2 months ago
No reliable, complete database cataloging home sales data at a transaction level is available for the average person to access. To a data scientist interesting in studying this data, our hands are complete tied. Opportunities like testing sociological theories, exploring economic impacts, study market forces, or simply research the value of an investment when buying a home are all blocked by the lack of easy access to this dataset. OpenHouse seeks to correct that by centralizing and standardizing all publicly available home sales transactional data. In this episode, we discuss the achievements of OpenHouse to date, and what plans exist for the future.
|Check out the OpenHouse gallery.|
If you're interested in getting involved in OpenHouse, check out the OpenHouse contributors quickstart page.
Kyle is giving a machine learning talk in Los Angeles on May 25th, 2017 at Zehr.
Thanks to our sponsor for this episode Periscope Data. The blog post demoing their maps option is on our blog titled Periscope Data Maps.
To start a free trial of their dashboarding too, visit http://periscopedata.com/skeptics
Kyle recently did a youtube video exploring the Data Skeptic podcast download numbers using Periscope Data. Check it out at https://youtu.be/aglpJrMp0M4.
KYLE: Today on Data Skeptic, we're going to talk about the OpenHouse project. Long time listeners will know some of the history of this. A while ago, Linhda and I were looking to buy a house and I found myself disappointed to not have easy access to data on home sales that would be complete enough to run some regressions. We were about to make the most significant financial choice of either of our lives without ready access to the exact data that might help us inform our decision. But data about home sales is public, isn't it? You can Google just about any address and get details. Indeed, on a one-off basis, it's relatively easy to use Google for research. But what if I wanted a much larger sample of transactions in the last few years on a specific block? This episode is the story, to date, of OpenHouse: a project that seeks to liberate transaction level home sales data for data scientists, sociologists, economists, and the generally curious, enabling easy access to transactional home sales data. In this episode I talk to a few of the volunteers who helped with the project. Let's start with Zareen who helped out a lot during our research phase, when we were still hoping to tap into some obscure but complete datasource.
ZAREEN: The goal of the research that I did so far was to catalog all the open housing data that currently exists and determine whether it's licensing would allow us to reuse it and bundle it for the OpenHouse project. I researched some of the most housing websites to determine what their source of data is, whether they offer any open source datasets to the public, and if so, to what granularity. And also to see if they have an API for developers to use.
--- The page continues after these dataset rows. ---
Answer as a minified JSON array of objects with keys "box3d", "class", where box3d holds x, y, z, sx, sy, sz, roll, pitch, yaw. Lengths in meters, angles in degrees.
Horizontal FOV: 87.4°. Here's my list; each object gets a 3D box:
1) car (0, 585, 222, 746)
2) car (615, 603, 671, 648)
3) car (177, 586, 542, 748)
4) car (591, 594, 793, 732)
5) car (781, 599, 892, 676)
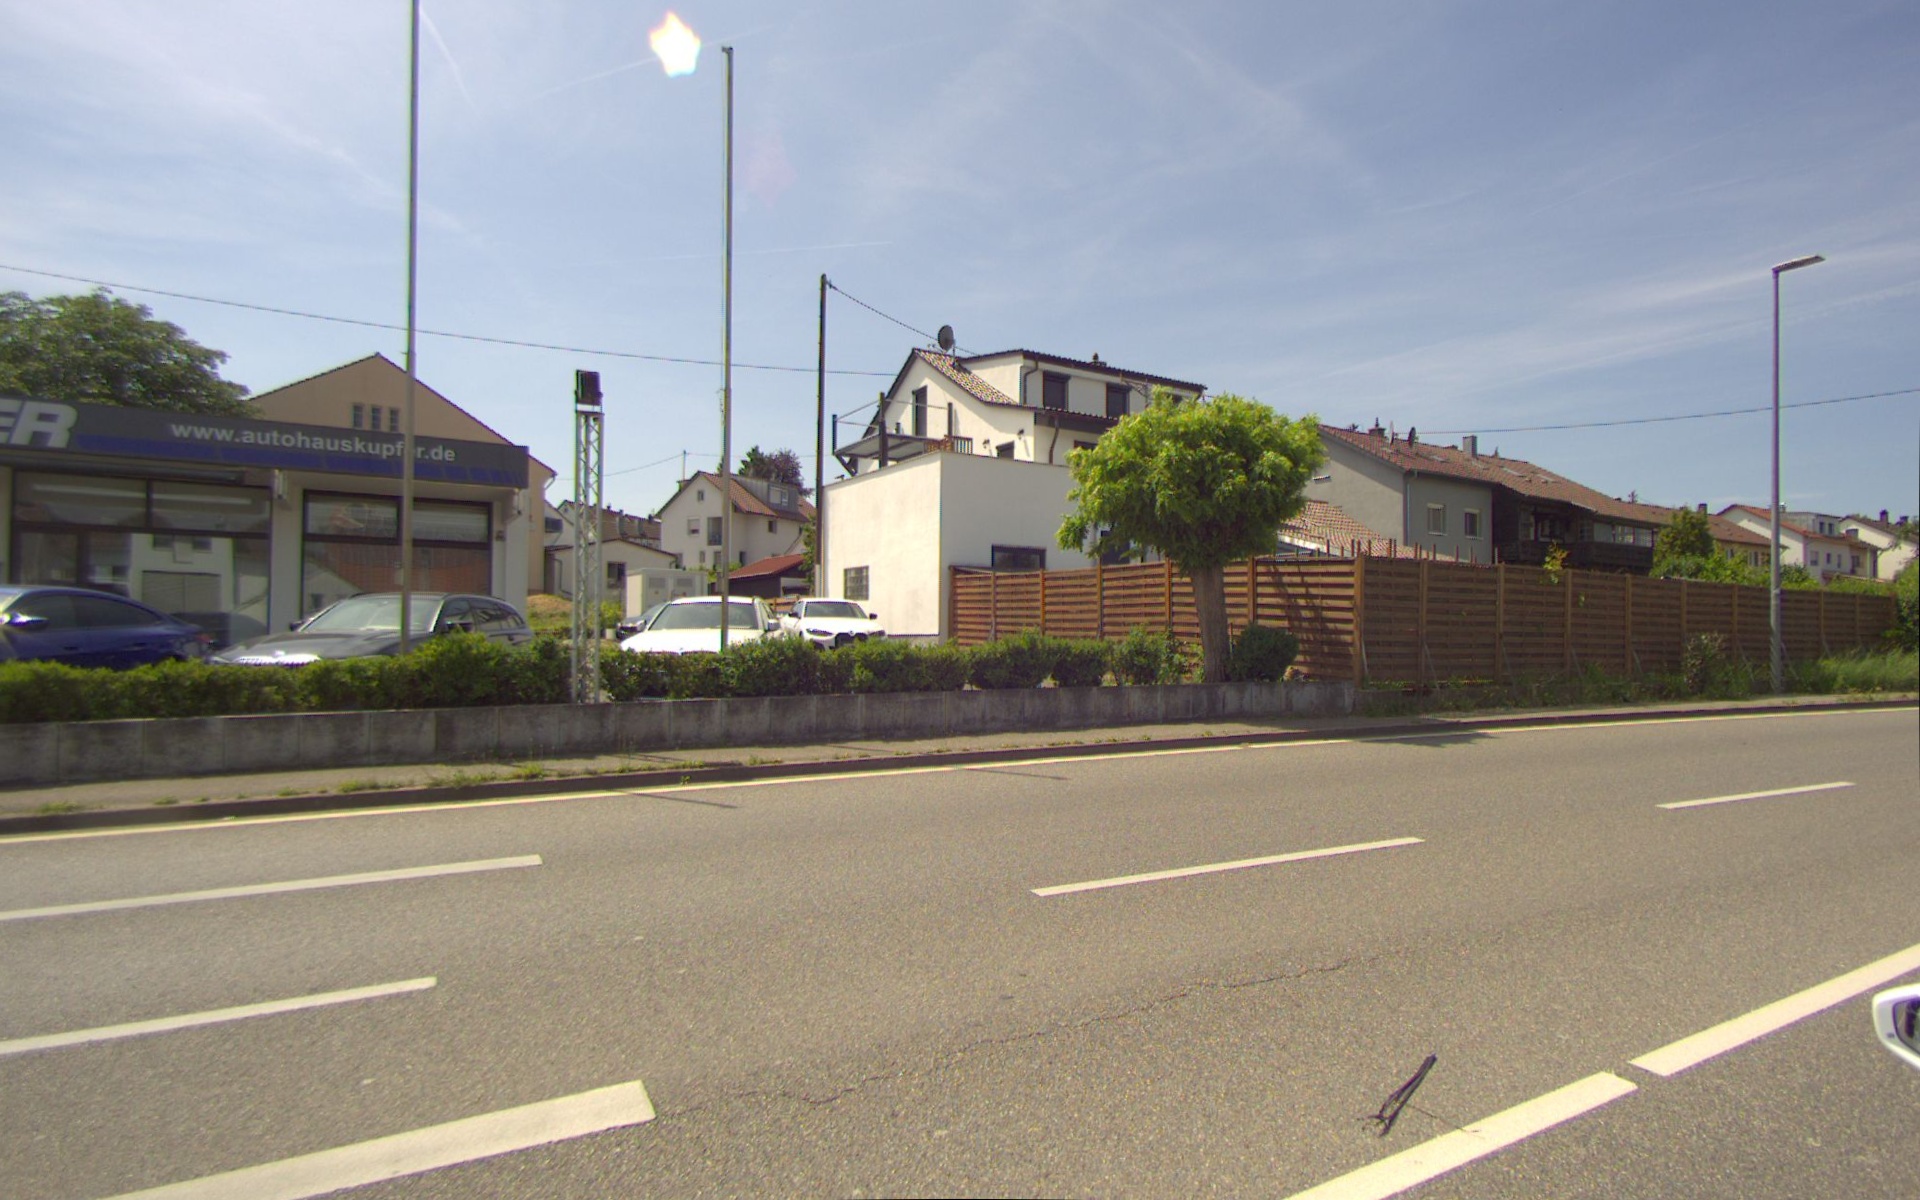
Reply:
[{"box3d":[-9.824,0.594,9.944,1.821,1.467,4.342,2,0,-1],"class":"car"},{"box3d":[-10.765,0.834,34.241,1.685,1.420,3.985,1,0,-17],"class":"car"},{"box3d":[-6.510,0.638,11.570,1.863,1.467,4.339,2,0,-5],"class":"car"},{"box3d":[-3.303,0.701,13.236,1.822,1.467,4.339,2,0,-5],"class":"car"},{"box3d":[-2.862,0.772,22.552,1.805,1.530,3.985,1,0,-17],"class":"car"}]

What I learned was, first of all, there's some very fundamental differences in what these sites were doing. Some of the websites are simply listing services which serve as an advertising platform either for homeowners or agents. Some of the sites are government sites which are all public records. Some of them are closed to the public completely and are only available to brokers and real estate agents. I found that this data is not very easily publicly accessible and the data that is accessible is not similar. So its all different datasets at all different granularities. And also the data that is available is not historical. So there's no way for me to look at the same house's value every week or every month. Or every time it's sold and do any kind of time series analysis with it.
KYLE: How granular was the data that you were able to find at some of those sites. Could anything get down to the exact housing transaction level you and I were both looking for?
ZAREEN: No, it didn't. So, there definitely is a lot of open data. And there's different ways to slice it. So you can slice it by state, city, zipcode, or neighborhood, but none of these sources let me actually get down to individual home granularity. Everything I found was just metadata.
KYLE: We've gotten a few questions from the public asking why OpenHouse exists. Isn't this already available? Real estate data is a bit like some optical illusions. If you don't take the time to look intently, it might appear as though there's more to it than there is. The prominent sites that provide data tend to make it available, as Zareen said, at best in some rolled up aggregation. That doesn't help us if we want to calculate something like the added value the market assigns to an extra bedroom or something like that. Even still, maybe we could validate our data with these aggregations, so long as we can access them programatically via API.
KYLE: Let's take a step back and learn more about Zareen as well as our other guests today that you haven't heard from yet: Sameer and Joy. I've been sitting on these interviews for a little bit, so these bios have atrophied a bit, but let's hear from everyone nonetheless.
ZAREEN: So about eight months ago, I quit my software sales job to transition careers and get into data analytics. So for the past couple of months I've been teaching myself python, SQL, data visualization, statistics, and some other technical topics like basic web development and AWS. Mainly I've been learning just by hacking on my own projects for fun.
KYLE: Oh very cool. Any projects you want to highlight or send people to?
ZAREEN: One of my favorite was a word2vec implementation for the Harry Potter text series. I build a website where you type in a word, any word from the Harry Potter books, and it pops out the seven most similar words from the Harry Potter books. So, it was just a fun project to get to know a really interesting machine learning algorithm.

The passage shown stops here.